§ About this exercise: If a line in the entries contains the word "object", list it.

|---|

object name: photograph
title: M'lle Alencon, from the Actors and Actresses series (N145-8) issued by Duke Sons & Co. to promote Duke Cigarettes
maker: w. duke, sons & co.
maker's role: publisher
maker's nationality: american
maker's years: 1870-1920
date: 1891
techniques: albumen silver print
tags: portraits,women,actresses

|---|

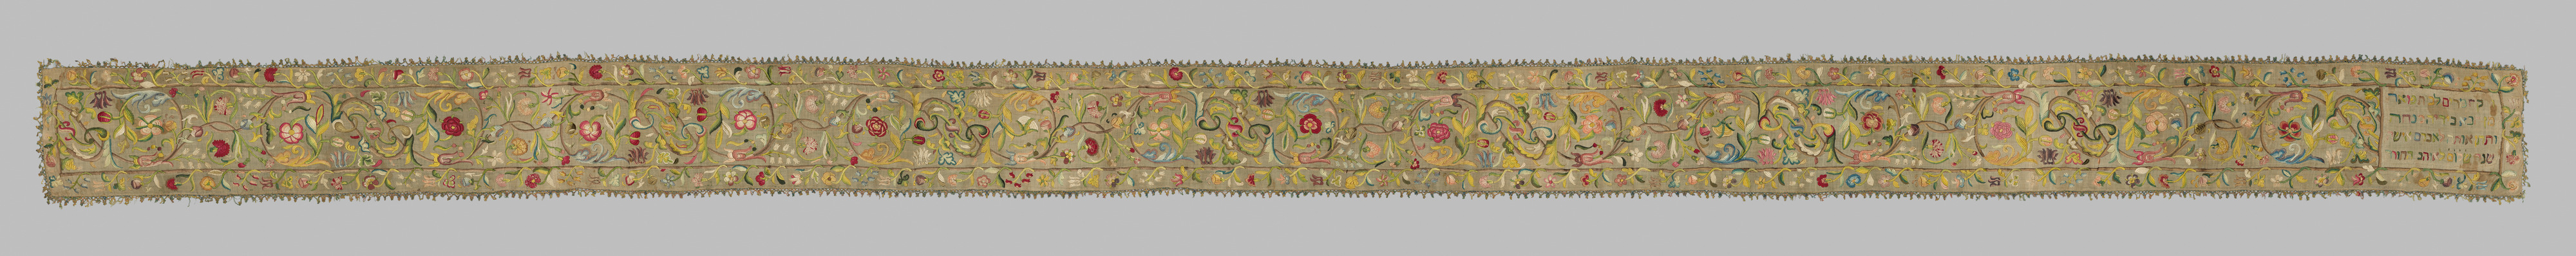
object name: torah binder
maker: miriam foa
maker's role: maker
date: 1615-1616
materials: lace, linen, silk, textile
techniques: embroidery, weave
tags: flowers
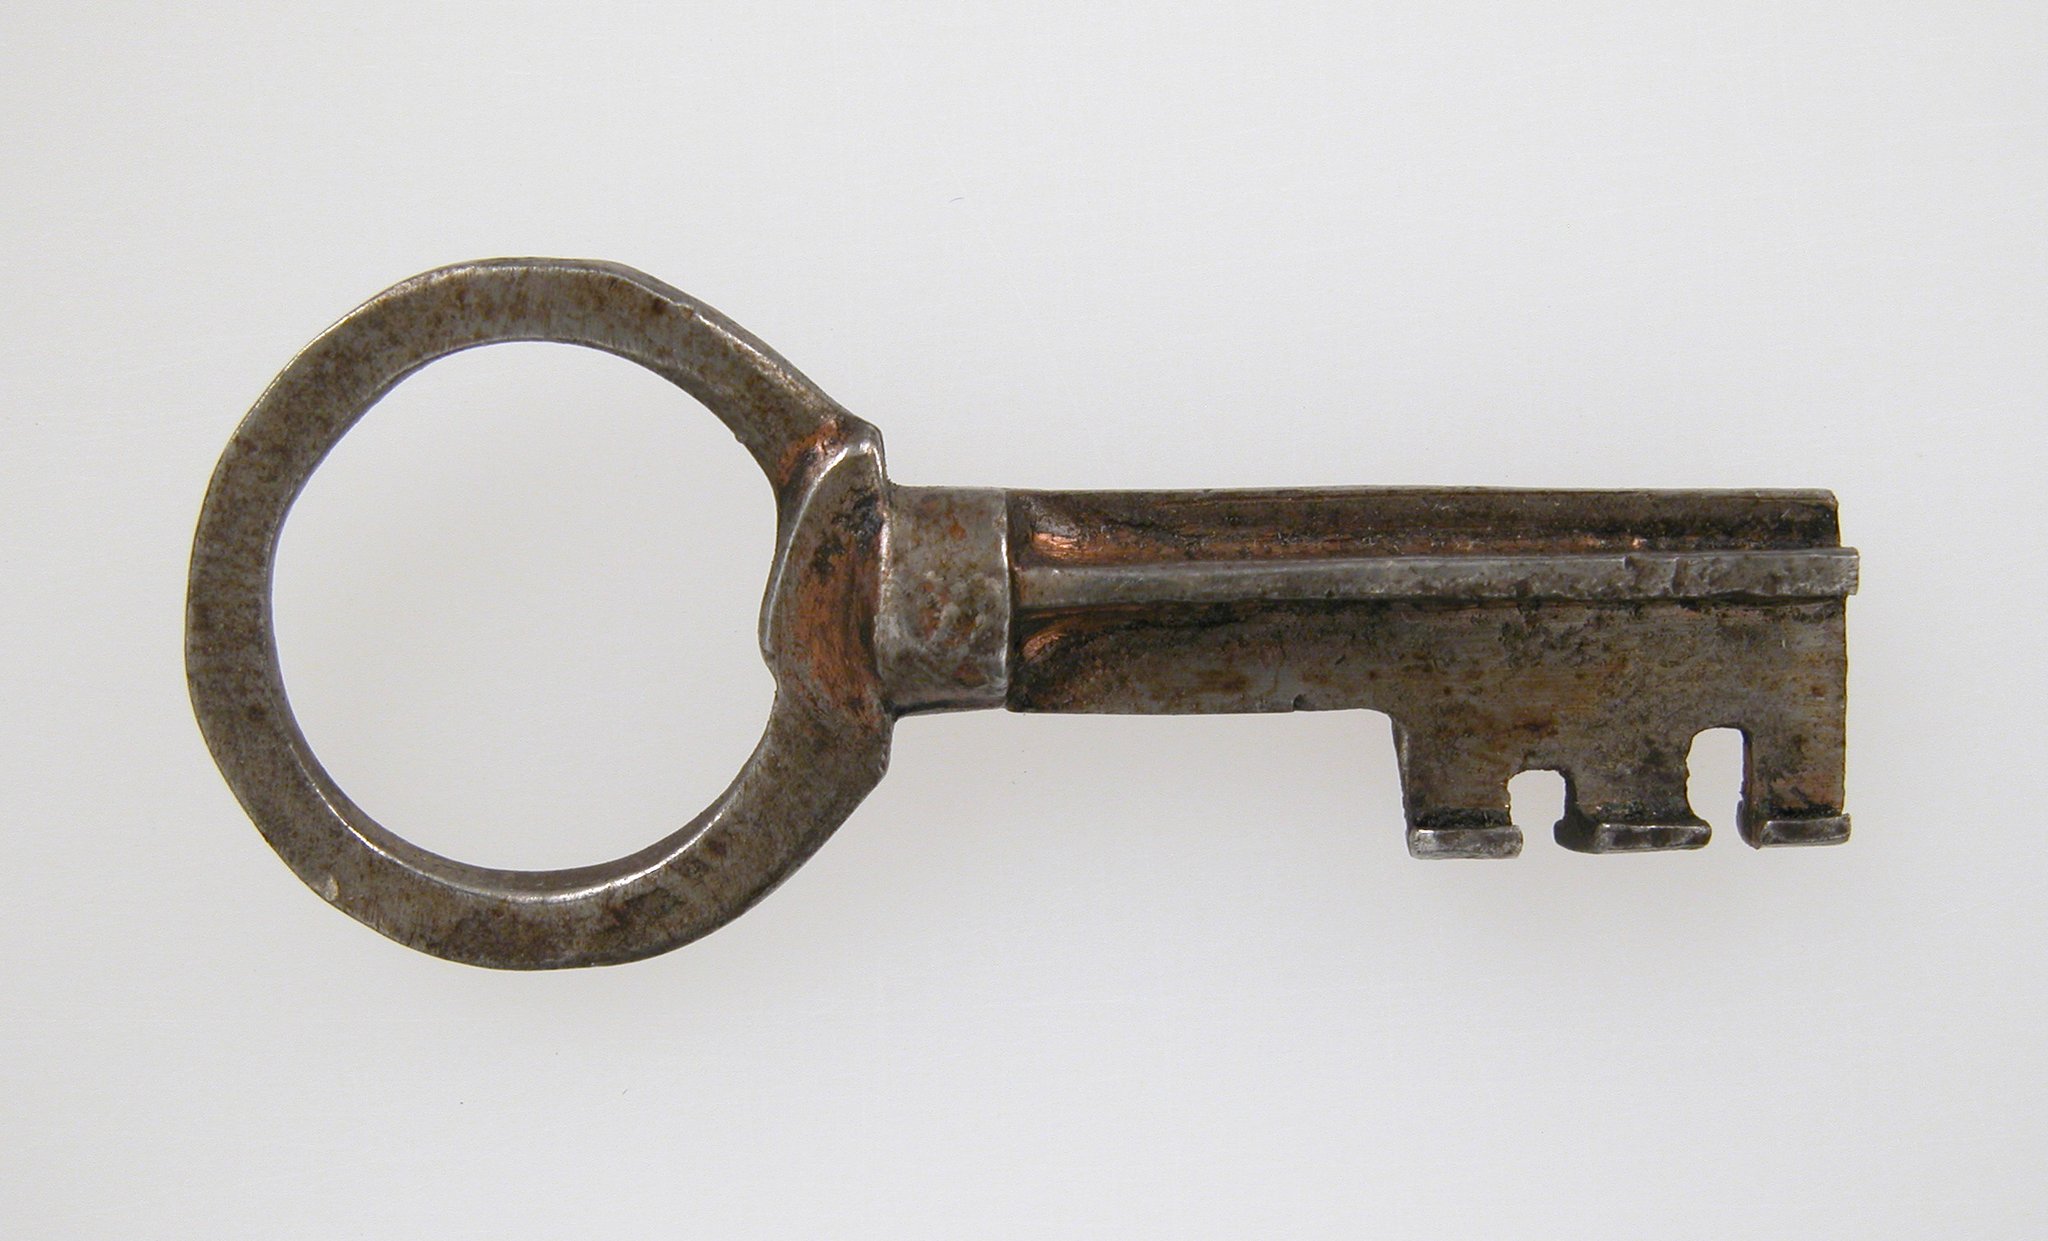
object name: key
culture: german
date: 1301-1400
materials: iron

|---|

§ Answer space:
object name: photograph
object name: torah binder
object name: key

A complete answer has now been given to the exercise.